Дальнейшая моя судьба была, казалось, предрешена. Я заполнил толстеннейшую анкету (больше тех, что заполнялись перед выездом в капиталистические страны) и был принят во МХАТ, как вдруг раздался телефонный звонок моей сокурсницы Сони Зайковой:

– Миня! Это Софи. Слушай, ты не удивляйся тому, что я тебе скажу. Ты знаешь, что я принята к Охлопкову. Он теперь почему-то стал недоволен Самойловым и ищет молодого Гамлета. Кто-то ему сказал о тебе. Вот его телефон. Николай Павлович ждет твоего звонка. Позвони, не будь дураком. Я знаю, что ты принят во МХАТ, но все-таки позвони. А там разберешься. Понял? Запиши телефон… Целую…

Бывают ситуации, когда результат каких-то предварительных раздумий и предчувствий сказывается на решении, принимаемом мгновенно и, казалось бы, неожиданно, необдуманно.
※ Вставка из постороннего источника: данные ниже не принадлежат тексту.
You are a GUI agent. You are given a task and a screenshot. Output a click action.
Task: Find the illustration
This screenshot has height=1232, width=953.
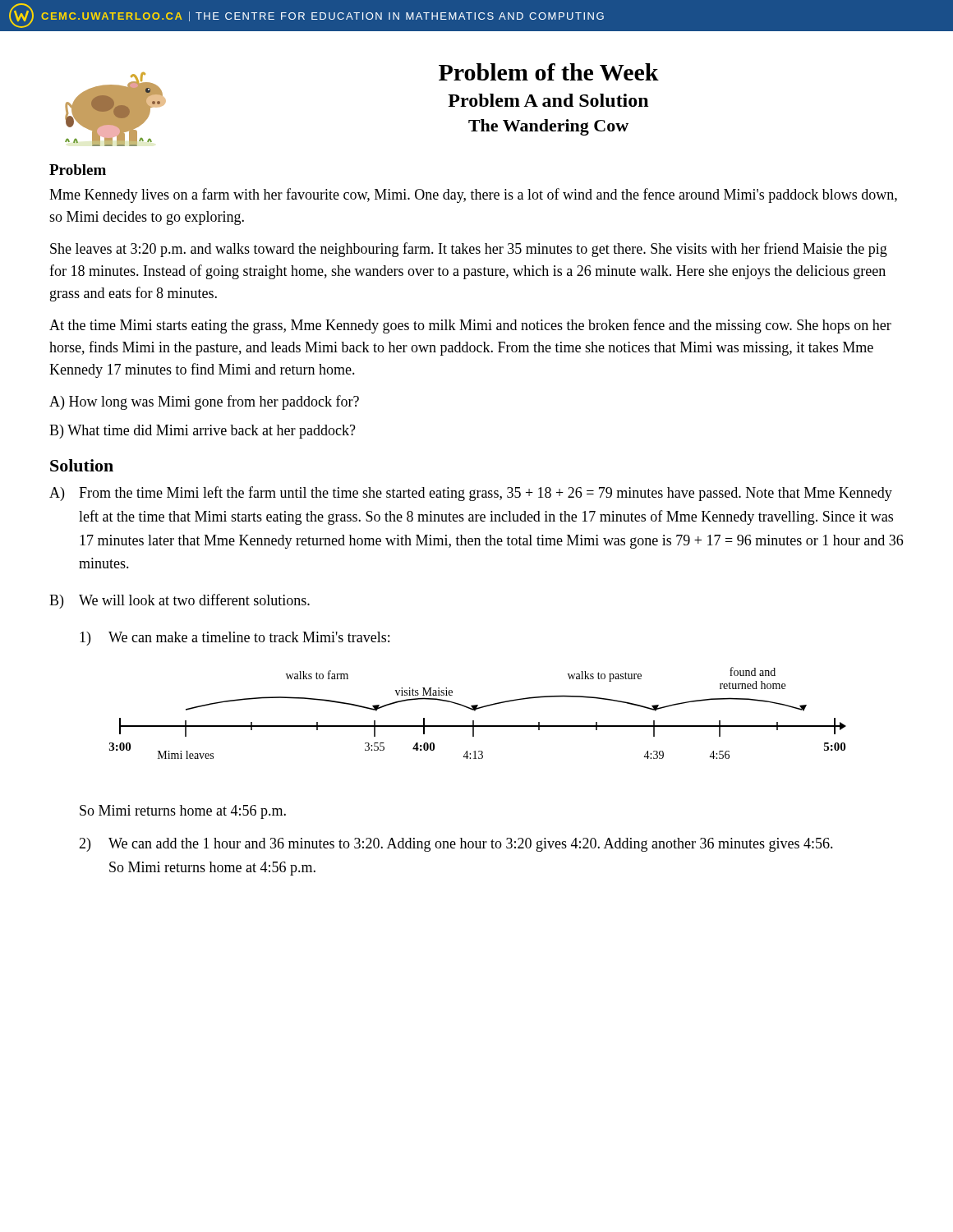[x=109, y=97]

В случае успеха мы говорим: я сделал это чисто интуитивно, тогда как на самом деле в подкорке шел длительный процесс, который и заставил совершить тот или иной решительный и жизненно важный шаг.

Мне не хотелось идти во МХАТ, несмотря на предопределенность моей актерской судьбы в его стенах, – а может быть, именно в силу этой предопределенности; не хотелось, несмотря на то, что, поступая во МХАТ, я тем самым сразу связал бы свою судьбу с зарождающимся «Современником» и мог бы стать одним из основателей дела, заваривавшегося Олегом Ефремовым.

И напротив, мне хотелось пойти в чужой, малознакомый Театр имени Маяковского к «формалисту» Охлопкову, о котором я почти ничего не знал. А тут еще Гамлет замаячил, мой юношеский сон, моя смутная мечта, которая грозила теперь обернуться явью…

Решение было принято мгновенно. Буквально за сутки судьба моя была решена.

Итак, в десять вечера я позвонил Николаю Павловичу.

– Алло…

– Здравствуйте, Николай Павлович. Вас тревожит студент МХАТа Миша Козаков. Соня Зайкова сказала мне, чтобы я вам позвонил.